- **TO DO**
In the entries that follow, find the word "than" and report each line it is on.

- **EXERCISE INPUTS**

※ ※ ※

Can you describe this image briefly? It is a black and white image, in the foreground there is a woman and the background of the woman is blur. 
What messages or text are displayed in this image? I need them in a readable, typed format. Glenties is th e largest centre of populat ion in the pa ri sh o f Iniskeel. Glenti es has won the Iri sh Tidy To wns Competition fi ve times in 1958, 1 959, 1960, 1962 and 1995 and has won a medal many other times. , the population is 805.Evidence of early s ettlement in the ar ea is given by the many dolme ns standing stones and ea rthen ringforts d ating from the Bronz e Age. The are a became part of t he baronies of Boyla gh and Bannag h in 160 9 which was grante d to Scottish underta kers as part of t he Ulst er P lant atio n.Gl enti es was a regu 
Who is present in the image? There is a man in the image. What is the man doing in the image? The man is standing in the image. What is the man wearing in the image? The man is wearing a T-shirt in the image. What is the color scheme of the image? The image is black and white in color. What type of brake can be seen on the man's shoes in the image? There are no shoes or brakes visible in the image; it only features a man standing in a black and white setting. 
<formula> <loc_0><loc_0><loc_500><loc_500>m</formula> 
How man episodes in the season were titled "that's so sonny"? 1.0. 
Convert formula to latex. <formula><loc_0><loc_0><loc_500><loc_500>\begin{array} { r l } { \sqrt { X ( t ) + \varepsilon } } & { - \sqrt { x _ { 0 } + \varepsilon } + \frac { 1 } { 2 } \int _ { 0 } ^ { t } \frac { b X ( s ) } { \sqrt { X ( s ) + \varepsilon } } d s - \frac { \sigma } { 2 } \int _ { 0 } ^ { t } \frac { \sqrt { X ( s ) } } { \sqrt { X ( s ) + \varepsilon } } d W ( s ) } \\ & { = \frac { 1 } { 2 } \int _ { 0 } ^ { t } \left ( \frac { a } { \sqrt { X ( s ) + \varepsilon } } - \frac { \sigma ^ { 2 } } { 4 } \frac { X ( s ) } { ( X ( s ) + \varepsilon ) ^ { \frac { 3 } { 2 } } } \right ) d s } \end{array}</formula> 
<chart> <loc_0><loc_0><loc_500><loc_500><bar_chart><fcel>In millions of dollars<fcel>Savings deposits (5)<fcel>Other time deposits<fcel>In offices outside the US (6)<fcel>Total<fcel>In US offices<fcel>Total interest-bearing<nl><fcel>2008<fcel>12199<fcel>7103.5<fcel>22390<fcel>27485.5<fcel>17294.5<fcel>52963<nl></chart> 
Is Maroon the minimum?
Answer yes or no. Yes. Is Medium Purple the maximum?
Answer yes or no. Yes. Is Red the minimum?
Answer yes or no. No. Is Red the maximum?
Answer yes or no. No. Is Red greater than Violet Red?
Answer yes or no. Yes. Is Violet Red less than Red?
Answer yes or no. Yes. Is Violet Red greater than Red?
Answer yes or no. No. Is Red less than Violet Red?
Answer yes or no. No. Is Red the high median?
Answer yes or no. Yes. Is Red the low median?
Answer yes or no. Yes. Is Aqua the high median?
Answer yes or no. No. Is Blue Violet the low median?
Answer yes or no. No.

※ ※ ※

- **SOLUTION**
Answer yes or no. No. Is Red greater than Violet Red?
Answer yes or no. Yes. Is Violet Red less than Red?
Answer yes or no. Yes. Is Violet Red greater than Red?
Answer yes or no. No. Is Red less than Violet Red?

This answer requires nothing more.